Segment Start: DATASET EXCERPTS
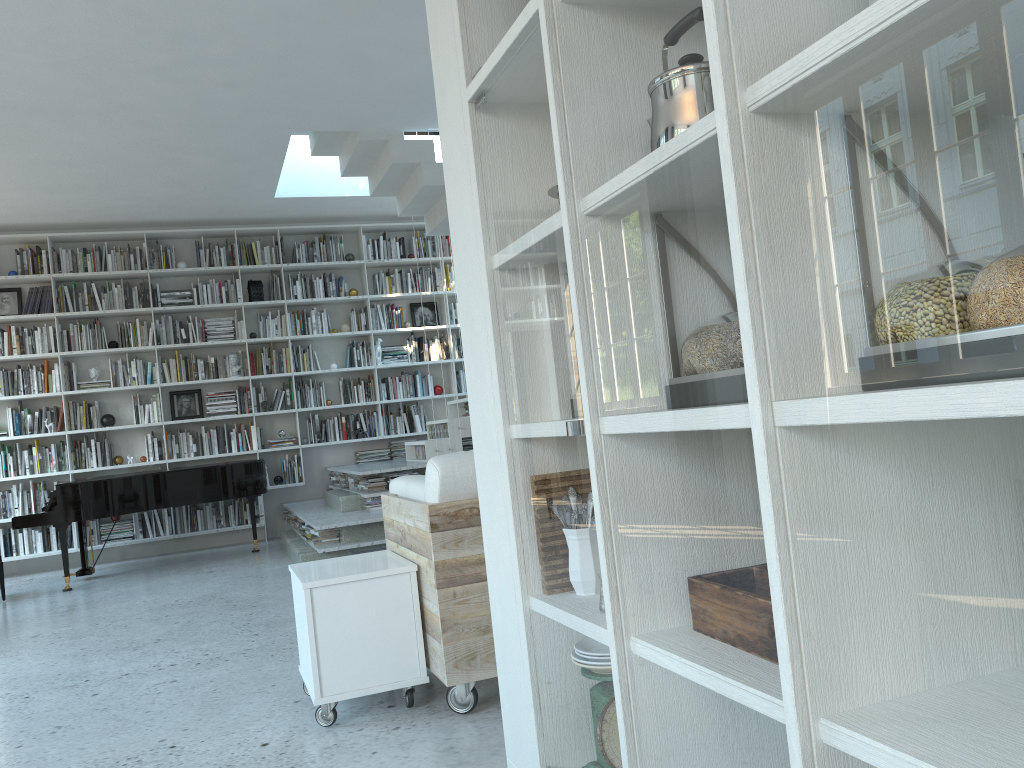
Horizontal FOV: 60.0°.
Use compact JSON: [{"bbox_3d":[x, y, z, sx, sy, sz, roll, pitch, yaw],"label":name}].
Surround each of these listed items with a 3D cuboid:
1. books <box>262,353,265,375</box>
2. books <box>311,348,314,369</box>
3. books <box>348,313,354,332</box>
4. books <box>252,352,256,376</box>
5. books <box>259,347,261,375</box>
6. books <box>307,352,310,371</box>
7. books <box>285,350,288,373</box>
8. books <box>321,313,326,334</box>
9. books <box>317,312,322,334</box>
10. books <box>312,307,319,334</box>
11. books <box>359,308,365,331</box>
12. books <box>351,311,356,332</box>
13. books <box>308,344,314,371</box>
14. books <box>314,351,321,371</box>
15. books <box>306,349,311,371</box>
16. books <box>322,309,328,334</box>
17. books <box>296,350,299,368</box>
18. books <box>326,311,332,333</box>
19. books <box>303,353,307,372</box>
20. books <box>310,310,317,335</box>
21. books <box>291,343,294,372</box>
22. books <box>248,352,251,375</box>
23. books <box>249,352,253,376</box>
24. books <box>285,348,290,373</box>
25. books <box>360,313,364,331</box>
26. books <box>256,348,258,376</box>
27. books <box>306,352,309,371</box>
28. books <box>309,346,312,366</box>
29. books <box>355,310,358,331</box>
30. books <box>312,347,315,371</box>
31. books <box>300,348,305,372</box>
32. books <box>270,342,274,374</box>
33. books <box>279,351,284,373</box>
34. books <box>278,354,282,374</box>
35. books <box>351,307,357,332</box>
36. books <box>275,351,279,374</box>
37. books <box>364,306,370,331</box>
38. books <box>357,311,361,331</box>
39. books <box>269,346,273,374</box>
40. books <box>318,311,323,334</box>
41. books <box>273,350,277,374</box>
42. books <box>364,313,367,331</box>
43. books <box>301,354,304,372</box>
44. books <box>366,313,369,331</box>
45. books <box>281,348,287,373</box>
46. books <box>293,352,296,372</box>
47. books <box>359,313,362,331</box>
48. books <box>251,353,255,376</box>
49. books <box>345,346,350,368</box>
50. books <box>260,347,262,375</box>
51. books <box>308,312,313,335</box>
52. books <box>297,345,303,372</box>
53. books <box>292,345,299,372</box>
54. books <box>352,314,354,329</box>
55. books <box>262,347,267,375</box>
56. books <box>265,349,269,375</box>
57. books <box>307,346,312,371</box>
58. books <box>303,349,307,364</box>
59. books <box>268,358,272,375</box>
[{"bbox_3d":[-2.530,-0.191,9.012,0.015,0.231,0.180,-6,-2,-19],"label":"books"},{"bbox_3d":[-2.085,-0.265,9.221,0.011,0.300,0.088,-6,-2,-19],"label":"books"},{"bbox_3d":[-1.696,-0.633,9.346,0.015,0.220,0.140,-6,-2,-19],"label":"books"},{"bbox_3d":[-2.622,-0.189,9.007,0.013,0.247,0.176,-6,-2,-19],"label":"books"},{"bbox_3d":[-2.562,-0.218,8.997,0.035,0.293,0.145,-6,-2,-19],"label":"books"},{"bbox_3d":[-2.111,-0.221,9.156,0.007,0.211,0.158,-6,-2,-19],"label":"books"},{"bbox_3d":[-2.322,-0.217,9.105,0.019,0.247,0.149,-6,-2,-19],"label":"books"},{"bbox_3d":[-1.970,-0.614,9.235,0.021,0.232,0.183,-6,-2,-19],"label":"books"},{"bbox_3d":[-2.013,-0.616,9.214,0.025,0.244,0.183,-6,-2,-19],"label":"books"},{"bbox_3d":[-2.045,-0.638,9.220,0.027,0.295,0.159,-6,-2,-19],"label":"books"},{"bbox_3d":[-1.581,-0.663,9.364,0.016,0.257,0.176,-6,-2,-19],"label":"books"},{"bbox_3d":[-1.677,-0.641,9.347,0.012,0.232,0.154,-6,-2,-19],"label":"books"},{"bbox_3d":[-2.082,-0.261,9.177,0.013,0.287,0.159,-6,-2,-19],"label":"books"},{"bbox_3d":[-2.022,-0.227,9.175,0.051,0.210,0.177,-6,-2,-19],"label":"books"},{"bbox_3d":[-2.105,-0.236,9.171,0.017,0.243,0.132,-6,-2,-19],"label":"books"},{"bbox_3d":[-1.947,-0.637,9.232,0.024,0.272,0.169,-6,-2,-19],"label":"books"},{"bbox_3d":[-2.212,-0.226,9.141,0.007,0.244,0.145,-6,-2,-19],"label":"books"},{"bbox_3d":[-1.917,-0.629,9.266,0.034,0.254,0.161,-6,-2,-19],"label":"books"},{"bbox_3d":[-2.135,-0.209,9.127,0.017,0.192,0.191,-6,-2,-19],"label":"books"},{"bbox_3d":[-2.061,-0.621,9.186,0.030,0.263,0.182,-6,-2,-19],"label":"books"},{"bbox_3d":[-2.258,-0.260,9.102,0.006,0.318,0.164,-6,-2,-19],"label":"books"},{"bbox_3d":[-2.663,-0.189,8.980,0.014,0.254,0.161,-6,-2,-19],"label":"books"},{"bbox_3d":[-2.649,-0.191,8.987,0.015,0.255,0.150,-6,-2,-19],"label":"books"},{"bbox_3d":[-2.304,-0.230,9.109,0.033,0.268,0.142,-6,-2,-19],"label":"books"},{"bbox_3d":[-1.595,-0.634,9.368,0.013,0.202,0.173,-6,-2,-19],"label":"books"},{"bbox_3d":[-2.587,-0.216,8.993,0.035,0.293,0.145,-6,-2,-19],"label":"books"},{"bbox_3d":[-2.123,-0.218,9.160,0.014,0.209,0.156,-6,-2,-19],"label":"books"},{"bbox_3d":[-2.090,-0.253,9.174,0.006,0.273,0.167,-6,-2,-19],"label":"books"},{"bbox_3d":[-1.650,-0.650,9.355,0.016,0.243,0.151,-6,-2,-19],"label":"books"},{"bbox_3d":[-2.062,-0.246,9.192,0.007,0.254,0.161,-6,-2,-19],"label":"books"},{"bbox_3d":[-2.163,-0.237,9.152,0.013,0.256,0.144,-6,-2,-19],"label":"books"},{"bbox_3d":[-2.448,-0.251,9.047,0.021,0.337,0.169,-6,-2,-19],"label":"books"},{"bbox_3d":[-2.359,-0.210,9.082,0.028,0.239,0.145,-6,-2,-19],"label":"books"},{"bbox_3d":[-2.375,-0.192,9.054,0.034,0.204,0.181,-6,-2,-19],"label":"books"},{"bbox_3d":[-1.662,-0.661,9.340,0.015,0.267,0.164,-6,-2,-19],"label":"books"},{"bbox_3d":[-2.397,-0.209,9.039,0.027,0.242,0.189,-6,-2,-19],"label":"books"},{"bbox_3d":[-1.537,-0.678,9.377,0.005,0.278,0.182,-6,-2,-19],"label":"books"},{"bbox_3d":[-1.624,-0.644,9.366,0.016,0.228,0.160,-6,-2,-19],"label":"books"},{"bbox_3d":[-2.451,-0.229,9.024,0.019,0.293,0.182,-6,-2,-19],"label":"books"},{"bbox_3d":[-1.997,-0.626,9.241,0.024,0.262,0.133,-6,-2,-19],"label":"books"},{"bbox_3d":[-2.427,-0.210,9.055,0.033,0.253,0.175,-6,-2,-19],"label":"books"},{"bbox_3d":[-1.565,-0.639,9.367,0.013,0.204,0.174,-6,-2,-19],"label":"books"},{"bbox_3d":[-2.171,-0.205,9.141,0.014,0.192,0.147,-6,-2,-19],"label":"books"},{"bbox_3d":[-1.543,-0.641,9.379,0.012,0.206,0.169,-6,-2,-19],"label":"books"},{"bbox_3d":[-2.336,-0.226,9.085,0.032,0.266,0.143,-6,-2,-19],"label":"books"},{"bbox_3d":[-2.248,-0.211,9.117,0.015,0.220,0.155,-6,-2,-19],"label":"books"},{"bbox_3d":[-1.611,-0.634,9.375,0.012,0.206,0.137,-6,-2,-19],"label":"books"},{"bbox_3d":[-2.632,-0.187,8.991,0.014,0.244,0.145,-6,-2,-19],"label":"books"},{"bbox_3d":[-1.726,-0.270,9.306,0.056,0.241,0.153,-6,-2,-19],"label":"books"},{"bbox_3d":[-2.555,-0.218,9.015,0.035,0.293,0.145,-6,-2,-19],"label":"books"},{"bbox_3d":[-2.089,-0.615,9.202,0.011,0.257,0.131,-6,-2,-19],"label":"books"},{"bbox_3d":[-2.181,-0.248,9.116,0.013,0.279,0.192,-6,-2,-19],"label":"books"},{"bbox_3d":[-2.229,-0.248,9.116,0.035,0.287,0.191,-6,-2,-19],"label":"books"},{"bbox_3d":[-1.684,-0.627,9.345,0.005,0.205,0.154,-6,-2,-19],"label":"books"},{"bbox_3d":[-2.517,-0.223,9.016,0.019,0.294,0.164,-6,-2,-19],"label":"books"},{"bbox_3d":[-2.505,-0.215,9.044,0.035,0.278,0.139,-6,-2,-19],"label":"books"},{"bbox_3d":[-2.093,-0.251,9.167,0.006,0.270,0.178,-6,-2,-19],"label":"books"},{"bbox_3d":[-2.135,-0.233,9.156,0.008,0.242,0.169,-6,-2,-19],"label":"books"},{"bbox_3d":[-2.477,-0.169,9.054,0.030,0.181,0.131,-6,-2,-19],"label":"books"}]
Segment End: DATASET EXCERPTS
■ WHAT IS EXPECTED: The lines to extract from the data above begin with the line containing "21. books <box>291,343,294,372</box>" and end with the line containing "58. books <box>303,349,307,364</box>". Extract them exactly, including both.

■ EXPECTED OUTPUT:
21. books <box>291,343,294,372</box>
22. books <box>248,352,251,375</box>
23. books <box>249,352,253,376</box>
24. books <box>285,348,290,373</box>
25. books <box>360,313,364,331</box>
26. books <box>256,348,258,376</box>
27. books <box>306,352,309,371</box>
28. books <box>309,346,312,366</box>
29. books <box>355,310,358,331</box>
30. books <box>312,347,315,371</box>
31. books <box>300,348,305,372</box>
32. books <box>270,342,274,374</box>
33. books <box>279,351,284,373</box>
34. books <box>278,354,282,374</box>
35. books <box>351,307,357,332</box>
36. books <box>275,351,279,374</box>
37. books <box>364,306,370,331</box>
38. books <box>357,311,361,331</box>
39. books <box>269,346,273,374</box>
40. books <box>318,311,323,334</box>
41. books <box>273,350,277,374</box>
42. books <box>364,313,367,331</box>
43. books <box>301,354,304,372</box>
44. books <box>366,313,369,331</box>
45. books <box>281,348,287,373</box>
46. books <box>293,352,296,372</box>
47. books <box>359,313,362,331</box>
48. books <box>251,353,255,376</box>
49. books <box>345,346,350,368</box>
50. books <box>260,347,262,375</box>
51. books <box>308,312,313,335</box>
52. books <box>297,345,303,372</box>
53. books <box>292,345,299,372</box>
54. books <box>352,314,354,329</box>
55. books <box>262,347,267,375</box>
56. books <box>265,349,269,375</box>
57. books <box>307,346,312,371</box>
58. books <box>303,349,307,364</box>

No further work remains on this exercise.